Moreover, thermal diffusivity was also found to increase with the addition of NPs, up to 4.2% for SiC NF and 7.2% for BN NF at 0.05 vol.%, as shown in Figure 3. Although the enhancements were moderate, they were obtained at very low concentrations. Interestingly, while the maximum increase in thermal diffusivity of BN NFs was slightly higher compared with their TC enhancement, SiC NFs showed a slightly lower enhancement of thermal diffusivity in comparison with their maximum TC increase. This could be due to the volumetric heat capacity of SiC NFs. It is to be noted that very limited studies [47,63,64] have been reported in the literature where the thermal diffusivity of NFs, particularly present types (BN and SiC), are measured and reported. As the TC of NFs was found to be higher than that of the base fluids, it is anticipated that the thermal diffusivity would also be higher and increase with increasing concentrations of NPs. The current results present a consistency for the enhancements of TC and thermal diffusivity of both NF types, and the findings agree with the conclusions of literature studies for similar NFs [47,65].
However, using a percentage of EG with DW as a base fluid decreases the TC, as EG has a lower TC than DW [5]. Therefore, numerous factors may influence the TPs of NFs, for instance the viscosity of the base fluid, temperature and interfacial nanolayer around the NPs, in addition to the stability and dispersion of the NPs [66]. In addition, Brownian movement of the NPs at the molecular level can be a significant factor for the enhanced TPs of NFs in relation to the used base fluid (e.g., EG/DW) along with the NP concentrations (e.g., the low concentrations used of SiC and BN) [67].

3.2. Density

Density is an important TPP of the NFs that influences heat transfer efficiency, and is also essential in the calculations of flow and convective heat transfer parameters in experimental and numerical investigations [31,68]. Typically, the density of NFs has been defined by means of general mixture correlations (e.g., [69]), which may not reach the high level of accuracy required in the investigation of heat transfer. Therefore, the current study presents experimental density results for SiC and BN NFs at different concentrations and at room temperature, as presented in Figure 4. Moreover, the values of density are calculated using the mixture correlation, as presented by Pak and Cho [70] (Equation (1)), and compared with the experimental results in Figure 4.
ρ n f = φ ρ p + 1 φ ρ b f
According to the acquired data, density slightly increased with the addition of NPs, reaching the highest increase of 0.3% at 0.05 vol.% for SiC NFs and slightly lower for BN NFs. The low increase in density can be explained by the lower particle concentrations. However, density has an important impact on the pressure drop and pumping power of the fluid flows through heat exchangers, and having low increases in density (such as the results of the current study of a maximum of 0.3%) is desirable for NFs.

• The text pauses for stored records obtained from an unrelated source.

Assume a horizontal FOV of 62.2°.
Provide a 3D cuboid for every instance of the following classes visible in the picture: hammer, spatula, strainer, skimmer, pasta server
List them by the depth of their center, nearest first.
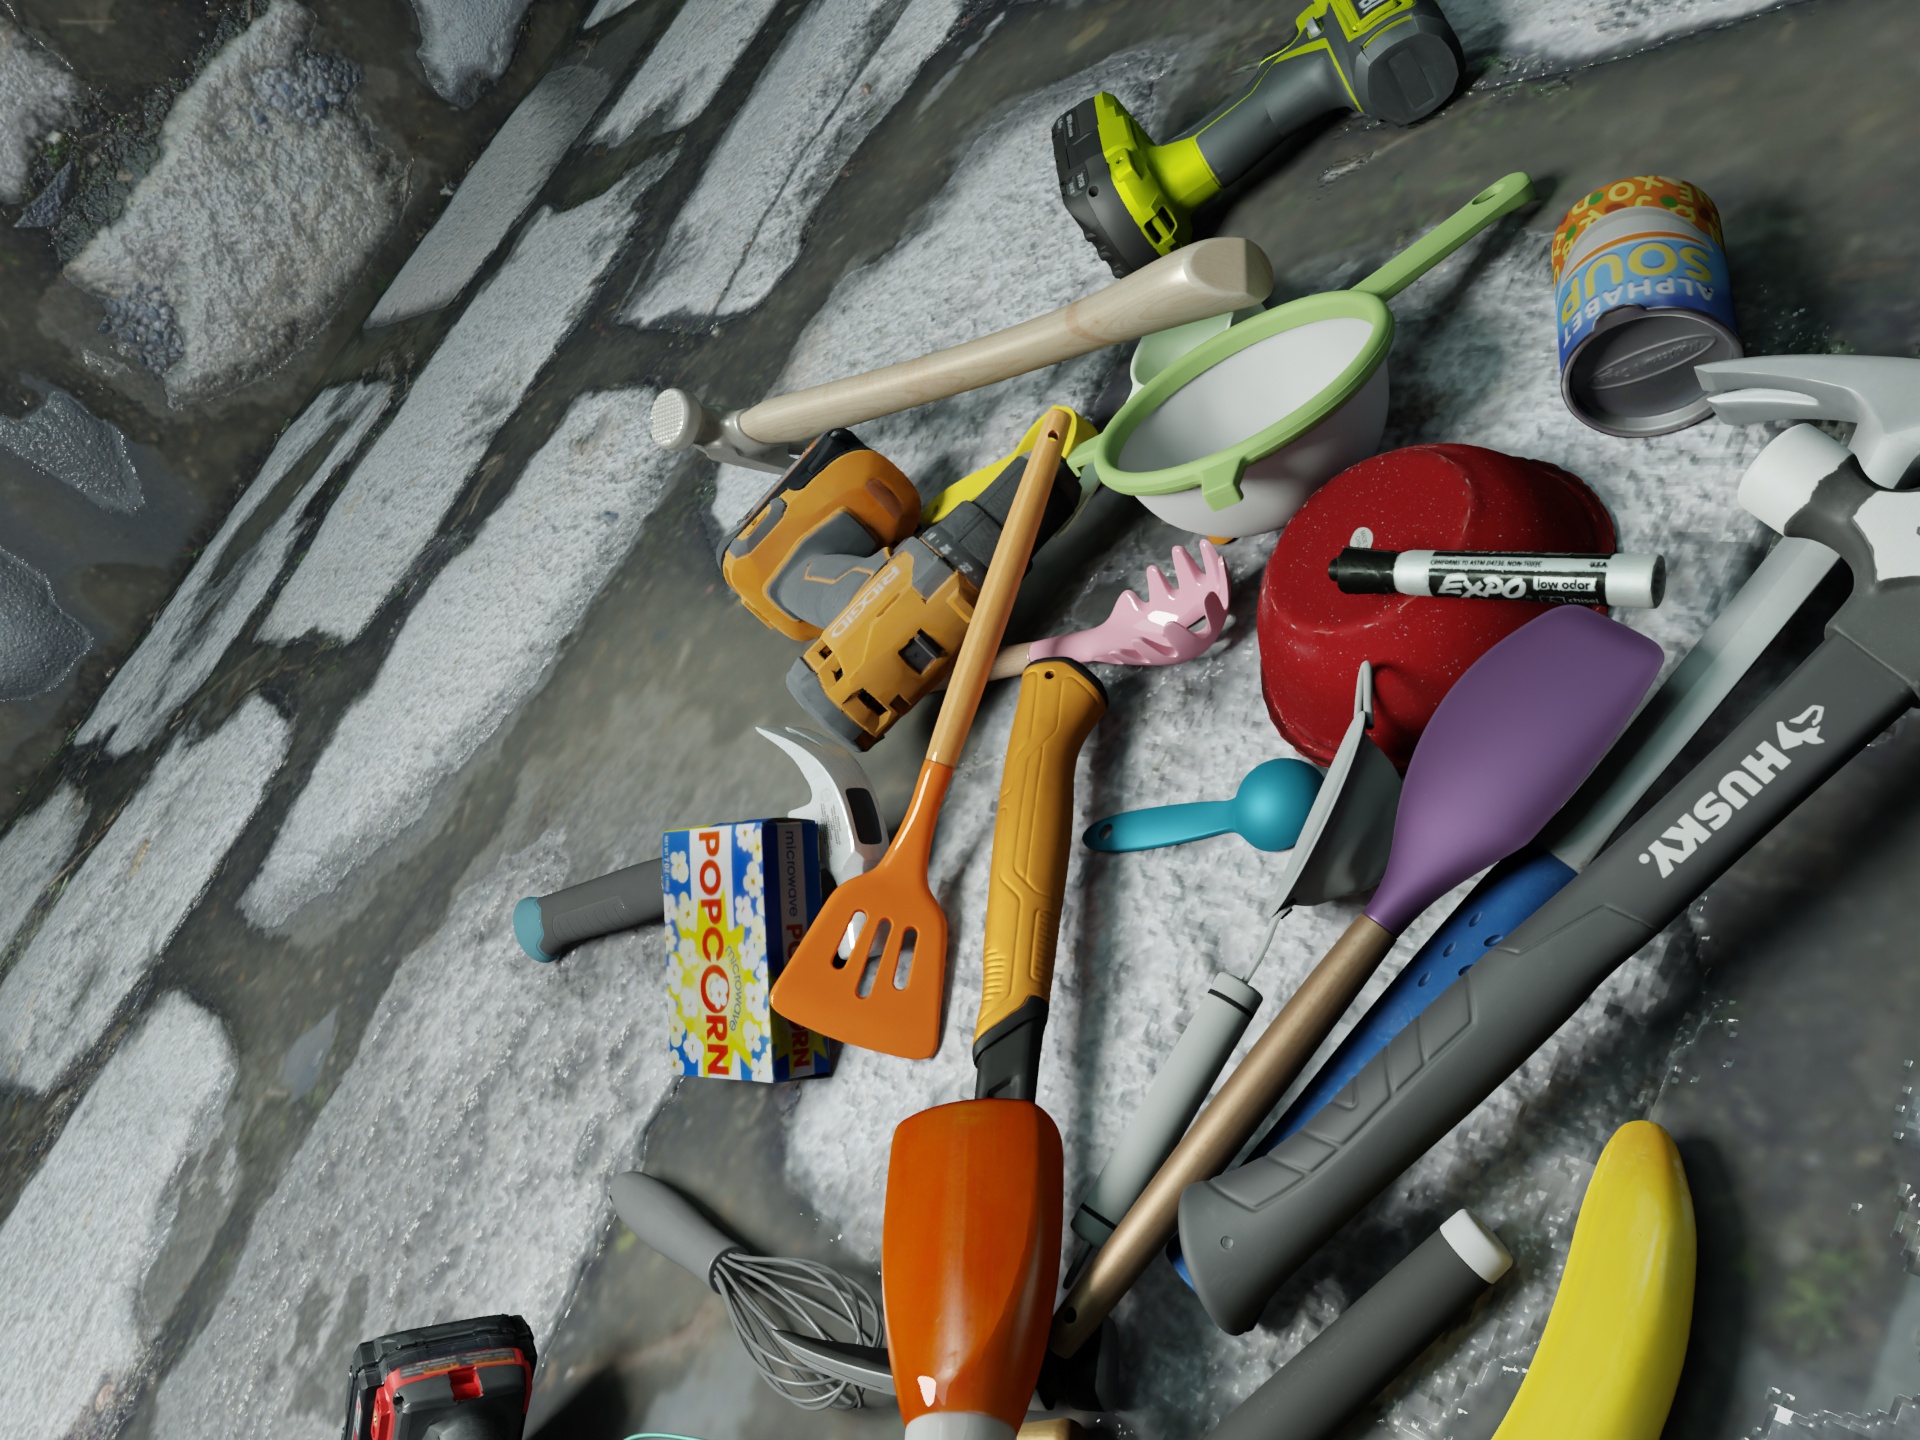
[{"bbox_3d":[0.196,0.071,0.492,0.335,0.035,0.146,-46,59,8],"label":"hammer"},{"bbox_3d":[0.021,0.274,0.506,0.363,0.090,0.127,-45,35,8],"label":"skimmer"},{"bbox_3d":[0.127,0.090,0.549,0.316,0.018,0.060,-53,48,0],"label":"spatula"},{"bbox_3d":[0.210,0.038,0.553,0.405,0.035,0.144,-51,38,1],"label":"hammer"},{"bbox_3d":[0.107,0.096,0.588,0.050,0.086,0.258,31,80,11],"label":"strainer"},{"bbox_3d":[0.016,0.110,0.672,0.127,0.034,0.337,-2,52,16],"label":"hammer"},{"bbox_3d":[0.184,-0.164,0.755,0.256,0.069,0.152,-38,25,-9],"label":"strainer"},{"bbox_3d":[-0.001,-0.002,0.763,0.041,0.081,0.323,106,-178,-83],"label":"spatula"},{"bbox_3d":[0.017,-0.035,0.835,0.316,0.040,0.060,-9,45,45],"label":"pasta server"},{"bbox_3d":[-0.158,0.092,0.895,0.331,0.033,0.128,-20,74,43],"label":"hammer"},{"bbox_3d":[0.001,-0.200,0.920,0.411,0.146,0.038,-6,82,42],"label":"hammer"}]

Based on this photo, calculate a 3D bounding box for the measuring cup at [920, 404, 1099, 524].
[{"bbox_3d":[0.028,-0.136,0.932,0.156,0.029,0.062,-18,51,55],"label":"measuring cup"}]

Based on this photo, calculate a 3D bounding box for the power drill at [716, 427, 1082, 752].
[{"bbox_3d":[-0.038,-0.096,0.888,0.185,0.084,0.226,-46,31,2],"label":"power drill"}]

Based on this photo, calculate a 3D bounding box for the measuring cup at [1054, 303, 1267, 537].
[{"bbox_3d":[0.106,-0.159,0.844,0.167,0.038,0.083,-57,27,-2],"label":"measuring cup"}]

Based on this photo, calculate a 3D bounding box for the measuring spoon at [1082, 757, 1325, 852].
[{"bbox_3d":[0.098,0.039,0.690,0.128,0.021,0.042,-14,50,42],"label":"measuring spoon"}]

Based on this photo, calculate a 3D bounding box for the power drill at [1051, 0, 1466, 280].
[{"bbox_3d":[0.168,-0.365,0.932,0.223,0.080,0.171,-28,42,24],"label":"power drill"}]

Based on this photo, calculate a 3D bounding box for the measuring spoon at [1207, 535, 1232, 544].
[{"bbox_3d":[0.140,-0.137,0.810,0.021,0.011,0.117,-14,48,40],"label":"measuring spoon"}]

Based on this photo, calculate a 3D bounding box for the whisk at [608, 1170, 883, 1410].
[{"bbox_3d":[-0.107,0.245,0.716,0.239,0.055,0.055,7,64,55],"label":"whisk"}]

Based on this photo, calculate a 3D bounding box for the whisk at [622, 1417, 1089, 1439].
[{"bbox_3d":[-0.055,0.295,0.621,0.245,0.047,0.051,-23,56,28],"label":"whisk"}]

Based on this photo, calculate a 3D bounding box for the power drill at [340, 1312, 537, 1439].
[{"bbox_3d":[-0.199,0.370,0.657,0.220,0.078,0.143,43,126,51],"label":"power drill"}]

3.3. Viscosity and Rheological Characteristics

The rheology and viscosity of NFs are significant for heat transfer applications due to the impact on the flow, pressure drop and the convective-based heat transfer performance. Therefore, the rheological characteristics of the SiC and BN NFs were determined at a relatively moderate shear rate range, and are provided in Figure 5.
It can be noticed from Figure 5 that the shear stress results are linear relative to the shear rates for both types of particles (SiC and BN) and the particle concentrations. The latter refers to a Newtonian behaviour for these SiC and BN NFs. The present finding is consistent with the conclusions of related studies in the literature for NFs [44,46]. However, the change of the rheological behaviour of NFs is expected in many cases, especially with higher particle concentrations and different shear rate ranges where they may show non-Newtonian behaviour [33]. The rheological characteristics of NFs can vary based on numerous factors related to the nature and amount of NPs [71,72] in addition to the base fluids.
Furthermore, the increased viscosity of the NFs has been considered one of the disadvantages that should be diminished or minimised. A higher viscosity of the fluid results in a higher pressure drop of the flow and thus a higher required pumping power in the heat exchanger or flow systems, resulting in lower energy efficiency and higher cost. Therefore, the viscosity of SiC and BN NFs are measured as a function of the temperature and concentration of NPs. The higher values of viscosity are obtained with the increase of NP concentrations, and they reduce with increasing temperature.
Figure 6 shows that the viscosity of SiC and BN NFs increased by increasing the concentration of the particles and decreased considerably with the temperature rise. There was also a similar increase in viscosity for both SiC and BN NFs with the addition of NPs, with an increase of 1.05% for 0.01 vol.% to 5.2% for 0.05 vol.%. In addition, the reduction of viscosity due to the temperature rise from 22 °C to 41 °C was about 32.2% at 0.05 vol.%, which agreed with the related findings in the literature [23,73]. Such a large decrease in the viscosity of these NFs shows great importance as they can perform better at elevated temperature conditions. Data of viscosity of NFs found in the literature [23,73] show that viscosities are generally evaluated at various temperatures for several particle concentrations, and values are observed to be greater than the base fluid and are reduced by raising the temperature. However, the results of viscosity, TC and density presented in the current study are commensurate with the data found in the literature [23,73], where those properties are raised with an increase in NP concentration [74,75].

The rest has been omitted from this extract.